Si tu savais comment s’est écoulée ma soirée jusqu’à cette heure, tu te rirais peut-être de moi. Mais non, car je ne doute pas que tu ne sois digne d’être aimée ainsi. Pendant que tu penses à tout autre chose à cette soirée, je vais t’écrire, et certainement quelque bonheur que tu puisses trouver là, le mien sera plus grand que le tien.

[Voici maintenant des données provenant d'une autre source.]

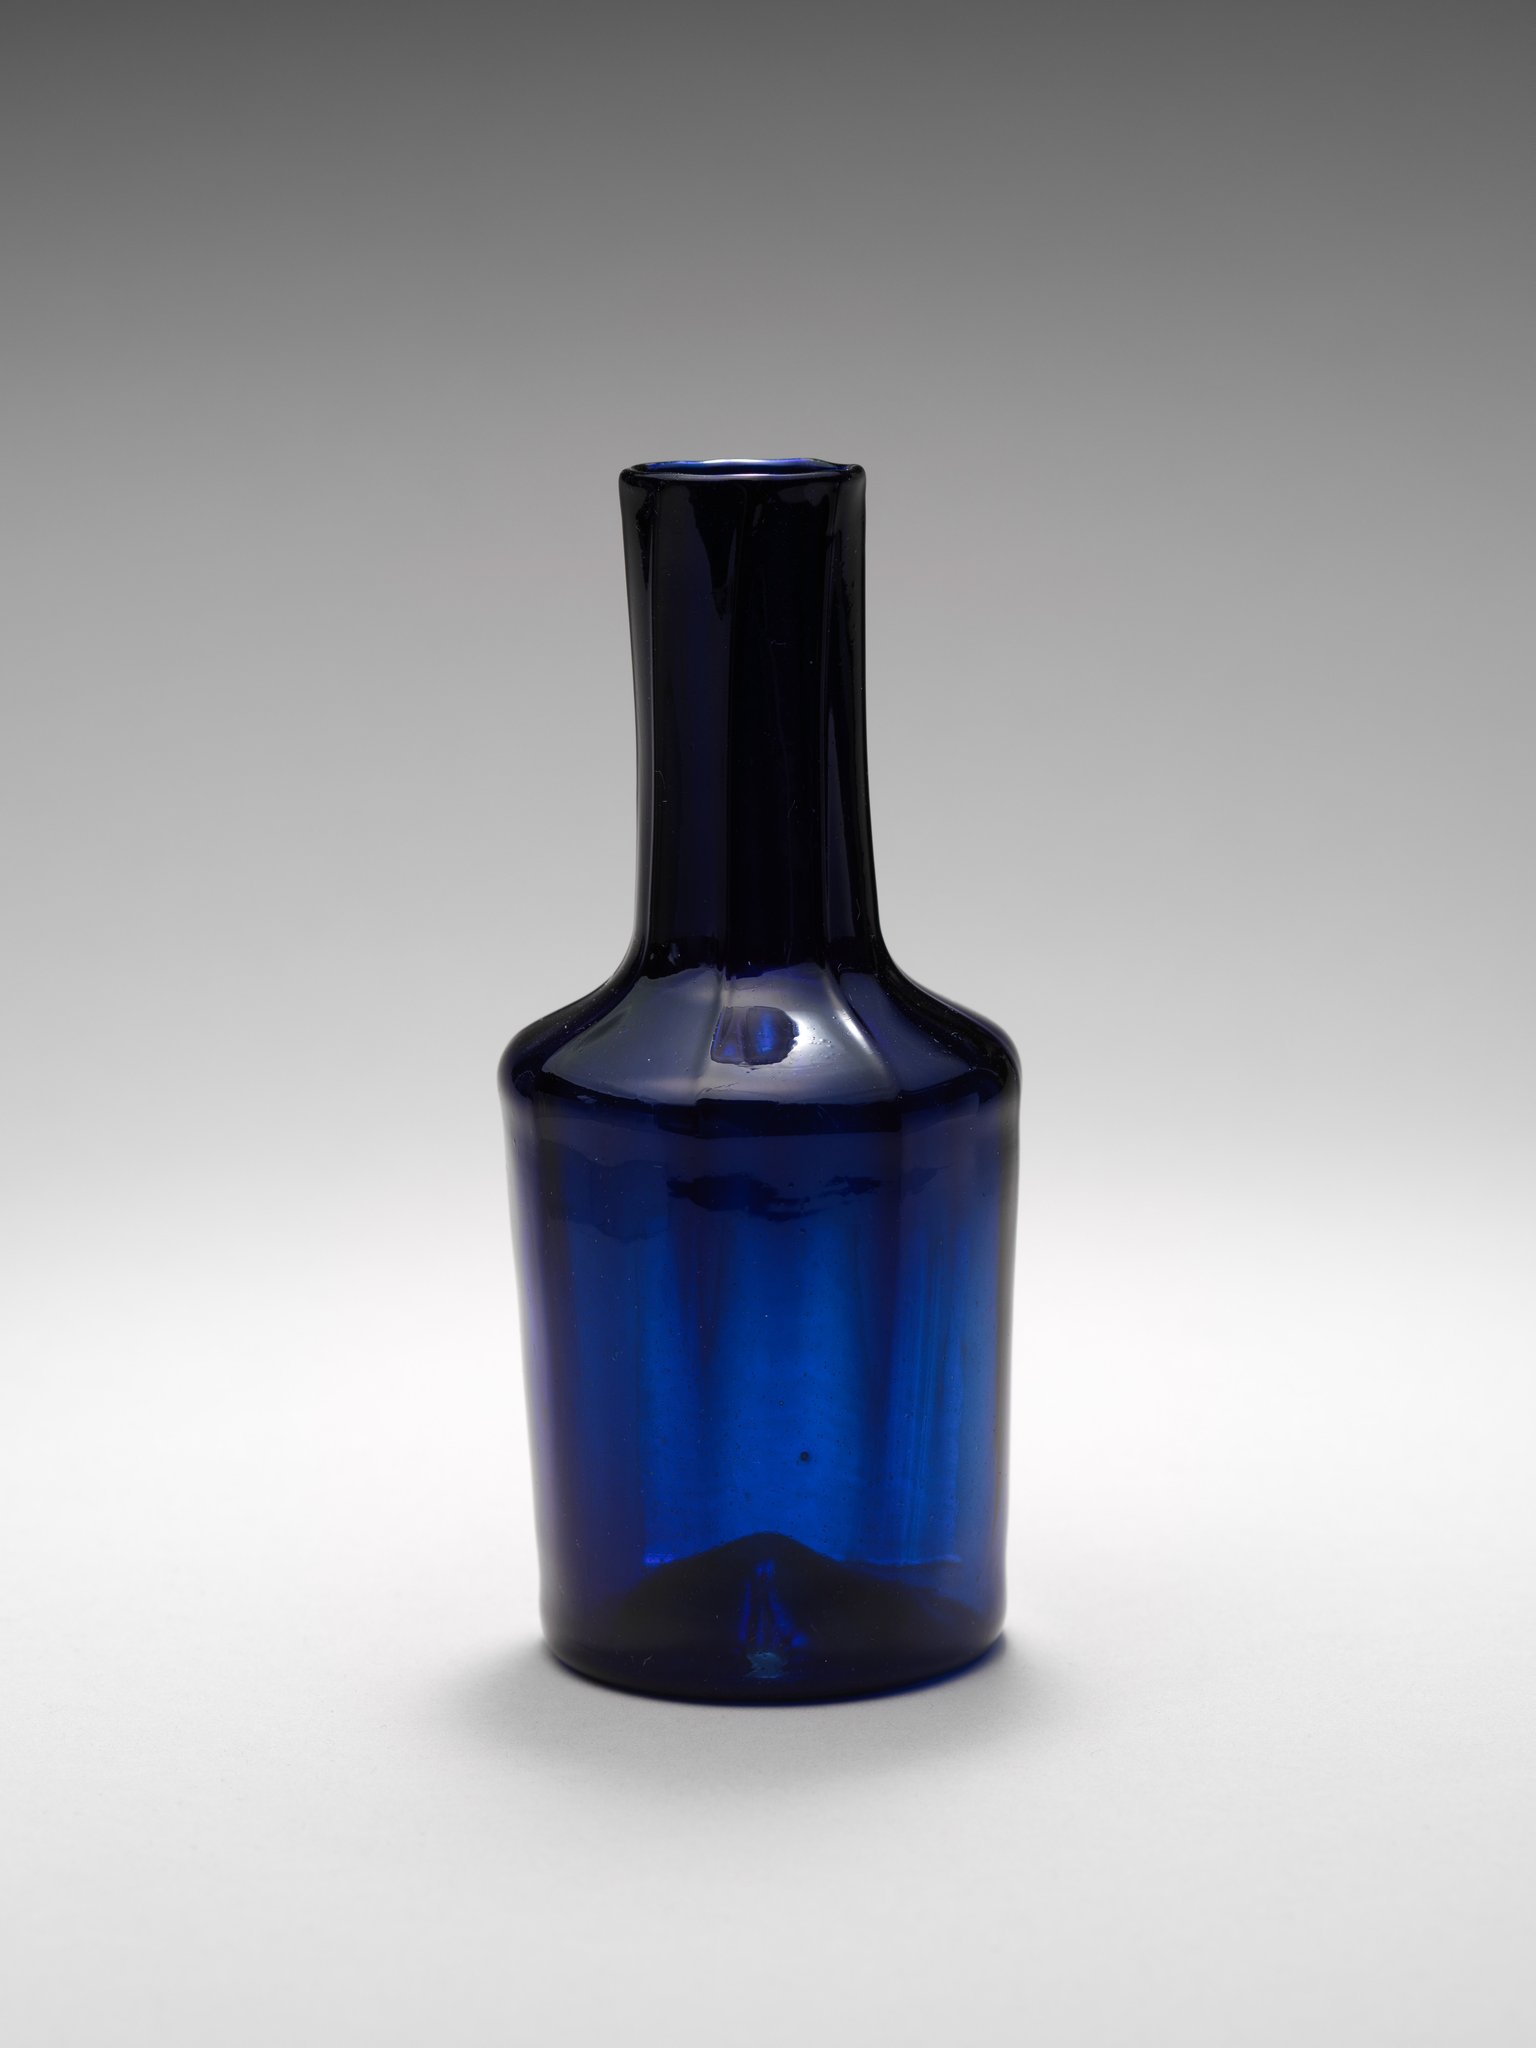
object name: bottle
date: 1701-1800
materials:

Je ne te parle pas, Adèle, de cette soirée[1], tu y es allée, il suffit. Sois tranquille, chère amie. Jamais tu n’auras à craindre cette tyrannie dont tu parlais aujourd’hui, jamais, sous prétexte qu’il ne sera pas partagé par moi, je ne te priverai d’un amusement, je ne pourrai même avoir un instant cette pensée, car du jour où tu te seras créé des plaisirs hors de notre bonheur, tout sera fini pour moi, tu ne m’aimeras plus, et à cela qu’aurais-je à dire ? Pour moi, quand je m’abstiens d’un bal ou d’une fête où je ne te trouverais pas, je t’avoue que je n’y ai aucun mérite ; je fais précisément tout le contraire d’un sacrifice. Il me serait insupportable d’aller dans un lieu de joie où celle qui fait ma seule joie ne serait pas, où je n’éprouverais que l’ennui de ton absence ; alors en restant chez moi j’obéis à un égoïsme, qui est tout simplement la conséquence de mon amour pour toi. Aussi, je me garde bien de te parler de si peu de chose, cependant, Adèle, si tu connaissais cette partie extérieure et publique de ma vie dont tu ne peux avoir qu’une idée très imparfaite, peut-être trouverais-tu que je t’immole des jouissances. Mais comme je ne goûte qu’une jouissance au monde, toutes les autres, quelles qu’elles soient, ne sont rien pour moi. Une fois seulement et tout récemment j’ai accepté une invitation de bal et je t’ai dit pour quelles considérations. Néanmoins en l’acceptant, il était de mon devoir de t’en parler. Tu me fis une observation qui était fort juste, c’est que tu n’y serais pas. C’est précisément pour cela que je t’en parlais. Quoique tu n’aies pas toujours jusqu’ici pensé de même, tu daignas me dire qu’il te serait moralement impossible d’aller

  1. « ... Nous sommes invités à aller en soirée d’écarté chez Madame Carlier jeudi… Il m’est fâcheux de voir jouer et que tu n’y sois pas… Je serai malheureuse de ne pas t’avoir près de moi… J’ai fait des observations à maman pour n’y pas aller ; maman m’a répondu qu’elle ordonnait que j’y allasse, qu’elle ne me laisserait pas seule chez nous et qu’il fallait savoir s’ennuyer pour ses parents. » (Reçue le mardi 19 mars 1822.)